Tonight I have argued that uniquely in this global age, it is now in our power to come together, confer, and decide and that we must be guided by one clear truth: that we need solutions that can no longer be defined in terms of us and them, but can be achieved only together: as us with them. I believe that people do not only co-operate out of need. There is a human need to cooperate. But I believe also that all our efforts reflect what people find when they can communicate across continents with each other; that there is a shared moral sense that we are responsible each to the other – country to country as much as person to person. And because of this no injustice can last for ever, and even in the most desperate of circumstances people can journey with hope.
So my message is that we must be:
· internationalist not protectionist
· interventionist not isolationist
· progressive not paralysed by events
· and forward-thinking not trapped in the solutions of the past
And if we do so 2008 will be remembered not just for a financial crash that engulfed the world but for the decisiveness and optimism with which the world faced the storm, endured it and prevailed. And remembered too for how in doing so we discovered and refashioned the global power of nations working together.
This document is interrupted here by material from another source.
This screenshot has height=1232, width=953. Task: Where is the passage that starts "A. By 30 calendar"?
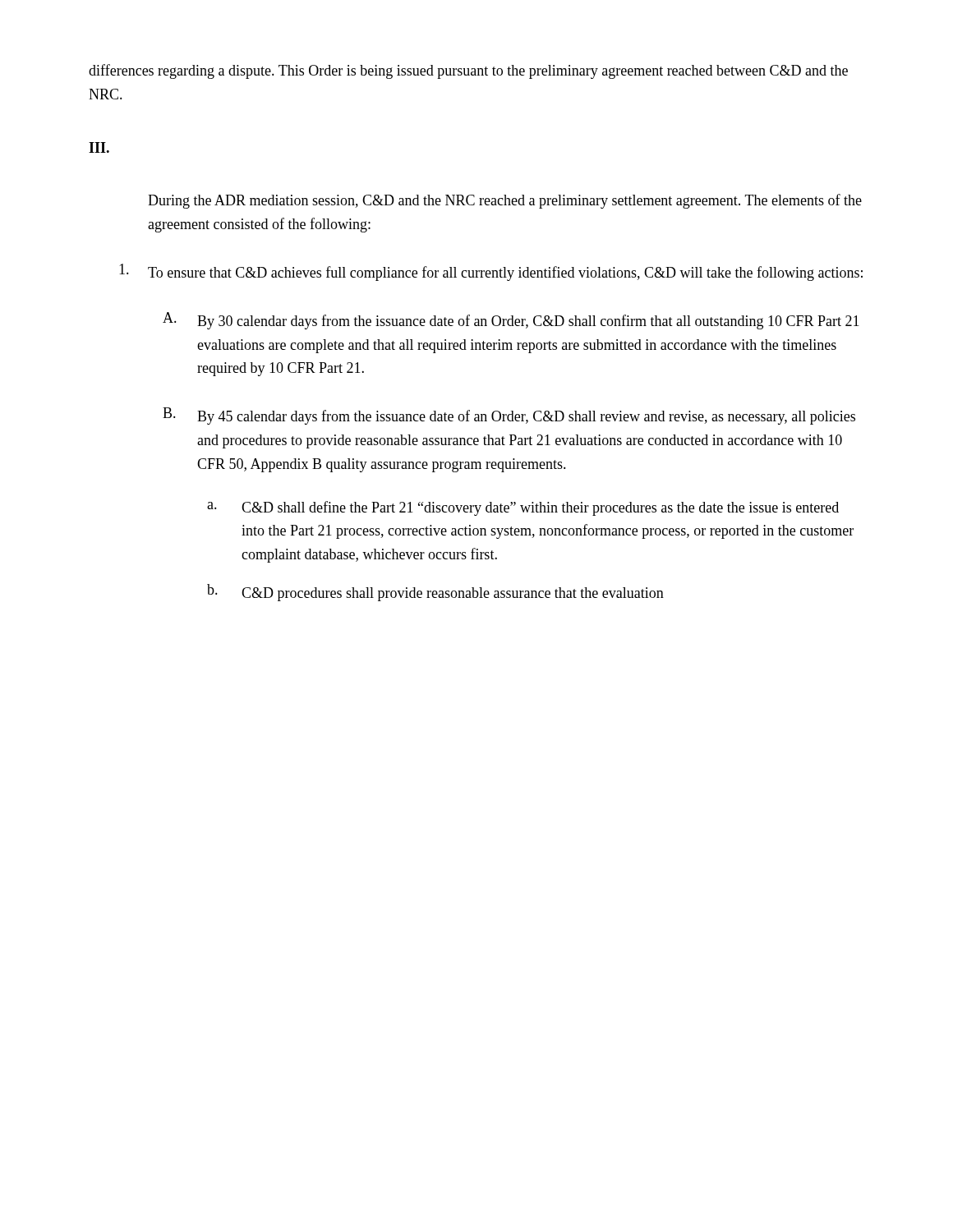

President Roosevelt famously said “the only thing we have to fear is fear itself.”
When fear overwhelms our perceptions of reality the effect is paralysing; it leaves people frozen into inaction – helpless at a time of great risk — and even at a time of great opportunity too.
But confidence in the future –that most precious asset of all – is the key to bringing back confidence today. It is dynamic, it heralds action.
And – for reasons I have laid before you this evening – I am confident.
Confident that we can seize the moment, grasp it together, and use it to lay the foundations – optimistic, multilateralist and inclusive – on which we can build the first truly global society.